Group Discussion Question:In your role as CFO, where do you see the greatest opportunities to create shareholder/stakeholder value in your company/firm and/or industry?
Summarized Notes from the Roundtables:
The internal culture of an organization is a to-down driver. The CFO must create, enhance, and lead the corporate culture.
The CFO must establish metrics/reporting structure and ensure adherence, in order to drive corporate performance and enterprise value.
If the co. is involved in acquisition/divestiture process, there is some information that must be subject to caveat emptor = some information is only captured through self-discovery and the CFO must play a role in this process.
The CFO must capture, accumulate, dissect and apply critical market and/or competitor data that can be used to drive enterprise value.
The CFO must develop the ‘plan of entry’ for any new LOBs, with responsibility coordinating resource allocation, financial forecasts, and capital investment schedules.
The CFO must as ‘leveler’ to the CEO’s passion, vision, emotion, and potential for volatility. - EG - Barry Diller -Ego-Driven CEO.
The Public Co. and Investment-Related CFO Roundtable offered that the CFO is the Corporate ‘Storyteller’ balancing the demand for disclosure with ‘too much information’ that could be detrimental to enterprise value. - How does the CFO accomplish this? By ‘Spoon feeding’ the respective constituents/audience with custom information, while still remaining consistent.

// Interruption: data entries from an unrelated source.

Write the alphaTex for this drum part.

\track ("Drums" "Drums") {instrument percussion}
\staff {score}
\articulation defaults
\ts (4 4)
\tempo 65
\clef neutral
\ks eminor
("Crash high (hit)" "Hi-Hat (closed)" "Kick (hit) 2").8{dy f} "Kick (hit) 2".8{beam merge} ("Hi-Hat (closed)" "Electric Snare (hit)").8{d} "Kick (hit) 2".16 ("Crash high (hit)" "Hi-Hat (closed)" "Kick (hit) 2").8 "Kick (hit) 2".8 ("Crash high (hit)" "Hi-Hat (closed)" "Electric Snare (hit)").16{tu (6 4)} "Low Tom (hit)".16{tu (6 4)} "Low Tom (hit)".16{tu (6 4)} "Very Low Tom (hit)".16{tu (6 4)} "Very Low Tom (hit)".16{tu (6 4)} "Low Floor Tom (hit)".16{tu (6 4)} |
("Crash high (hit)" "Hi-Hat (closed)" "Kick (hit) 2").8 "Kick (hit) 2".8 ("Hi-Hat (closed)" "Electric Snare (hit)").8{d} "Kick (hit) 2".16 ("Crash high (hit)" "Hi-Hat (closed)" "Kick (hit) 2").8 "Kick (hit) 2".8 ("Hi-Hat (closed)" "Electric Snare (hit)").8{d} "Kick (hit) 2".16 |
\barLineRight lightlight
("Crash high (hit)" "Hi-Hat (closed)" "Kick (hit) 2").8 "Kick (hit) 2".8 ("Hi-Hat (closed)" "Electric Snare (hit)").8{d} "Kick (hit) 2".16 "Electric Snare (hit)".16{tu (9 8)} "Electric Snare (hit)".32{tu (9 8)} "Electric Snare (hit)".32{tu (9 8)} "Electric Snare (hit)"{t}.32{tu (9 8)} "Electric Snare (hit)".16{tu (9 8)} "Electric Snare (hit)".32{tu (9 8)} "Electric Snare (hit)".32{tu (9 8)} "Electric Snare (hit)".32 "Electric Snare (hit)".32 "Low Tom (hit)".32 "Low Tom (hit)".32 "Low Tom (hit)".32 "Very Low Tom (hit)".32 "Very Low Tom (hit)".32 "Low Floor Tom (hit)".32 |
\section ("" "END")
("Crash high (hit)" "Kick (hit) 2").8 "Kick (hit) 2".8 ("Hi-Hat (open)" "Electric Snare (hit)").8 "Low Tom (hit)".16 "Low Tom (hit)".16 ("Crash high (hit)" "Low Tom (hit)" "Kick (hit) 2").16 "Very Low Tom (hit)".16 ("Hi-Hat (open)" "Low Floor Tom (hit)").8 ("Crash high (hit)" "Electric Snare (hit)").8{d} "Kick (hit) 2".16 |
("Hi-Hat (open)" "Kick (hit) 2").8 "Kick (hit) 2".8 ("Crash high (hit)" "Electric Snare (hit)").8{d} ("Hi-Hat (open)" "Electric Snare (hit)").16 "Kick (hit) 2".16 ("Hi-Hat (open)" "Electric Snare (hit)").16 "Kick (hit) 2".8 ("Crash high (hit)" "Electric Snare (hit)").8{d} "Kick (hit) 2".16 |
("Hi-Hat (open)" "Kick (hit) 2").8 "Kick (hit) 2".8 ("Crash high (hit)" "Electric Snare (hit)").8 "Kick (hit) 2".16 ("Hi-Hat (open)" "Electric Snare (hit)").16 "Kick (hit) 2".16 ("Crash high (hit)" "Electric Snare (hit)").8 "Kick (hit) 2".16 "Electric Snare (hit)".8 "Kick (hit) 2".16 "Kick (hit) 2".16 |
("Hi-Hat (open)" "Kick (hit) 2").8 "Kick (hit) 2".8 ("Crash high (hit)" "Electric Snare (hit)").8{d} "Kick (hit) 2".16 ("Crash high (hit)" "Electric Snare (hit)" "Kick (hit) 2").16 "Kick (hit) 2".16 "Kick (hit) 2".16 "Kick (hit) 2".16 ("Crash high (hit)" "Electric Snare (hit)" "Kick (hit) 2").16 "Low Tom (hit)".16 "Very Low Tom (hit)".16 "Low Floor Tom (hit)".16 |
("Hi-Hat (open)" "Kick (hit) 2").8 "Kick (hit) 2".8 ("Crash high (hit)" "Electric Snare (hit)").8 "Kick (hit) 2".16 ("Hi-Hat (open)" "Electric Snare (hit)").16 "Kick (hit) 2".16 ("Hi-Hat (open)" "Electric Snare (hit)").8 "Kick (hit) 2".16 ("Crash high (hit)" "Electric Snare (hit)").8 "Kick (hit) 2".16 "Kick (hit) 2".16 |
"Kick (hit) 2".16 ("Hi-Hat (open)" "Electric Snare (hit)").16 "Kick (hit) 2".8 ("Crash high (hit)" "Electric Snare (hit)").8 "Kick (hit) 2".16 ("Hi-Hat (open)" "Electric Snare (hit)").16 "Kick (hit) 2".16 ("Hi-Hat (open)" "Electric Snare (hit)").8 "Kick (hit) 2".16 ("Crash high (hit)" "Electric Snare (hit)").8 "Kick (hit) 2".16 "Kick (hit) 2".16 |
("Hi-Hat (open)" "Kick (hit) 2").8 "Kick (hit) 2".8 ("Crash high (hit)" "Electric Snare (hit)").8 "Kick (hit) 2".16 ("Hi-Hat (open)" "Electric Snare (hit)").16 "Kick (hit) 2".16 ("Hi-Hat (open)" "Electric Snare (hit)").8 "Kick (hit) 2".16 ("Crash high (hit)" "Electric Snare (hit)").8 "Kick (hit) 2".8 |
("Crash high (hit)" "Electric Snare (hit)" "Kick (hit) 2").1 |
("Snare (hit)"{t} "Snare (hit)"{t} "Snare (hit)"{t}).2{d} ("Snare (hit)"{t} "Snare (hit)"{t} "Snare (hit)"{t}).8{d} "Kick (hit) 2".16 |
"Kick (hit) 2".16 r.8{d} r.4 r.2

The Private Company CFO Roundtable offered that amongst them, their current ‘angst’ was navigating the current credit crisis with a focus on managing international risks and interest rate risks.
They were spending a fair amount of time on improving internal communications as a way to drive corporate performance and to better employee morale.

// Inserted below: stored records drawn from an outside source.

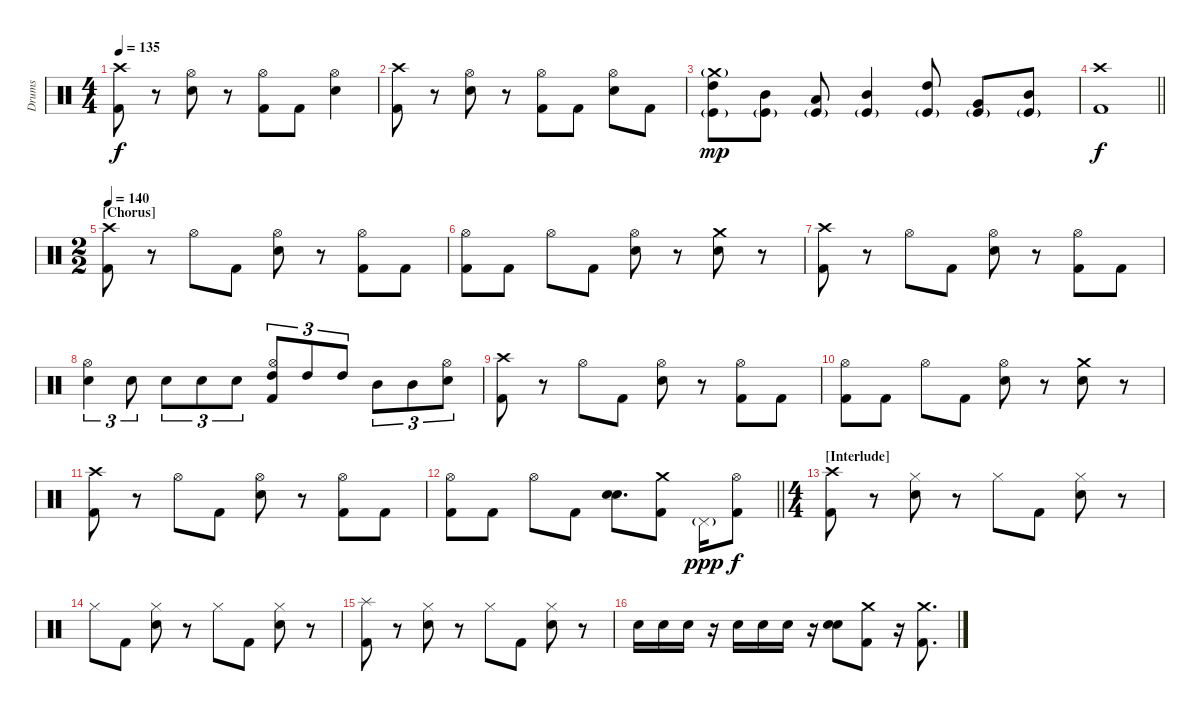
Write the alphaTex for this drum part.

\track ("Drums" "Drums") {instrument percussion}
\staff {score}
\articulation defaults
\ts (4 4)
\tempo 135
\clef neutral
\ks c
("Crash high (hit)" "Kick (hit) 2").8{dy f} r.8 ("Hi-Hat (open)" "Snare (hit) 2").8 r.8 ("Hi-Hat (open)" "Kick (hit) 2").8 "Kick (hit) 2".8 ("Hi-Hat (open)" "Snare (hit) 2").4 |
("Crash high (hit)" "Kick (hit) 2").8 r.8 ("Hi-Hat (open)" "Snare (hit) 2").8 r.8 ("Hi-Hat (open)" "Kick (hit) 2").8 "Kick (hit) 2".8 ("Hi-Hat (open)" "Snare (hit) 2").8 "Kick (hit) 2".8 |
("Crash medium (hit)"{g} "High Tom (hit)" "Kick (hit)"{g}).8{dy mp} ("Mid Tom (hit)" "Kick (hit)"{g}).8 ("Low Tom (hit)" "Kick (hit)"{g}).8 ("Mid Tom (hit)" "Kick (hit)"{g}).4 ("High Tom (hit)" "Kick (hit)"{g}).8 ("Very Low Tom (hit)" "Kick (hit)"{g}).8 ("Mid Tom (hit)" "Kick (hit)"{g}).8 |
\barLineRight lightlight
("Crash high (hit)" "Kick (hit) 2").1{dy f} |
\ts (2 2)
\section ("" "[Chorus]")
\tempo 140
("Crash high (hit)" "Kick (hit) 2").8 r.8 "Hi-Hat (open)".8 "Kick (hit) 2".8 ("Hi-Hat (open)" "Snare (hit) 2").8 r.8 ("Hi-Hat (open)" "Kick (hit) 2").8 "Kick (hit) 2".8 |
("Hi-Hat (open)" "Kick (hit) 2").8 "Kick (hit) 2".8 "Hi-Hat (open)".8 "Kick (hit) 2".8 ("Hi-Hat (open)" "Snare (hit) 2").8 r.8 ("Crash medium (hit)" "Snare (hit) 2").8 r.8 |
("Crash high (hit)" "Kick (hit) 2").8 r.8 "Hi-Hat (open)".8 "Kick (hit) 2".8 ("Hi-Hat (open)" "Snare (hit) 2").8 r.8 ("Hi-Hat (open)" "Kick (hit) 2").8 "Kick (hit) 2".8 |
("Hi-Hat (open)" "Snare (hit) 2").4{tu (3 2)} "Snare (hit) 2".8{tu (3 2)} "Snare (hit) 2".8{tu (3 2)} "Snare (hit) 2".8{tu (3 2)} "Snare (hit) 2".8{tu (3 2)} ("Hi-Hat (open)" "High Tom (hit)" "Kick (hit) 2").8{tu (3 2)} "High Tom (hit)".8{tu (3 2)} "High Tom (hit)".8{tu (3 2)} "Mid Tom (hit)".8{tu (3 2)} "Mid Tom (hit)".8{tu (3 2)} ("Hi-Hat (open)" "Snare (hit) 2").8{tu (3 2)} |
("Crash high (hit)" "Kick (hit) 2").8 r.8 "Hi-Hat (open)".8 "Kick (hit) 2".8 ("Hi-Hat (open)" "Snare (hit) 2").8 r.8 ("Hi-Hat (open)" "Kick (hit) 2").8 "Kick (hit) 2".8 |
("Hi-Hat (open)" "Kick (hit) 2").8 "Kick (hit) 2".8 "Hi-Hat (open)".8 "Kick (hit) 2".8 ("Hi-Hat (open)" "Snare (hit) 2").8 r.8 ("Crash medium (hit)" "Snare (hit) 2").8 r.8 |
("Crash high (hit)" "Kick (hit) 2").8 r.8 "Hi-Hat (open)".8 "Kick (hit) 2".8 ("Hi-Hat (open)" "Snare (hit) 2").8 r.8 ("Hi-Hat (open)" "Kick (hit) 2").8 "Kick (hit) 2".8 |
\barLineRight lightlight
("Hi-Hat (open)" "Kick (hit) 2").8 "Kick (hit) 2".8 "Hi-Hat (open)".8 "Kick (hit) 2".8 ("Snare (hit) 2" "Snare (hit) 2").8{d bd 240} ("Crash medium (hit)" "Kick (hit) 2").8 "Pedal Hi-Hat (hit)"{g}.16{dy ppp} ("Hi-Hat (open)" "Kick (hit) 2").8{dy f} |
\ts (4 4)
\section ("" "[Interlude]")
("Crash high (hit)" "Kick (hit) 2").8 r.8 ("Hi-Hat (closed)" "Snare (hit) 2").8 r.8 "Hi-Hat (closed)".8 "Kick (hit) 2".8 ("Hi-Hat (closed)" "Snare (hit) 2").8 r.8 |
"Hi-Hat (closed)".8 "Kick (hit) 2".8 ("Hi-Hat (closed)" "Snare (hit) 2").8 r.8 "Hi-Hat (closed)".8 "Kick (hit) 2".8 ("Hi-Hat (closed)" "Snare (hit) 2").8 r.8 |
("Splash (hit)" "Kick (hit) 2").8 r.8 ("Hi-Hat (closed)" "Snare (hit) 2").8 r.8 "Hi-Hat (closed)".8 "Kick (hit) 2".8 ("Hi-Hat (closed)" "Snare (hit) 2").8 r.8 |
"Snare (hit) 2".16 "Snare (hit) 2".16 "Snare (hit) 2".16 r.16 "Snare (hit) 2".16 "Snare (hit) 2".16 "Snare (hit) 2".16 r.16 ("Snare (hit) 2" "Snare (hit) 2").8{bd 480} ("Crash medium (hit)" "Kick (hit) 2").8 r.16 ("Crash medium (hit)" "Kick (hit) 2").8{d}

They are challenged by the issues related to transparency in today’s ‘new’ banking community - Still figuring out the ‘new rules of the game.’ The ‘teams,’ ‘players’ and potentially, the rules of the banking/credit game have changed, and they are still figuring them out as they go along.
Today’s CFO still spends time focused on how to trim non-core expenses as a way to improve EBITDA, including re-evaluating bulk purchasing power decisions, such as office products and telecom products and services.
A specific example of a focus on cost-cutting was offered by a CFO from a health system and hospital that oversaw the renegotiation of all vendor pricing arrangements and contracts.
There is still a concern amongst CFOS regarding the effect increased regulation has on the time and ability the CFO has to spend on driving enterprise performance and value - when confined to deadlines, it requires the CFO to focus on compliance instead of strategic performance objectives.
The CFO is still, at times, viewed as ‘the Bearer of Bad News.’ The communication dynamic between the CEO and CFO is ever-evolving and changing due to internal and external challenges prompted by the current recession.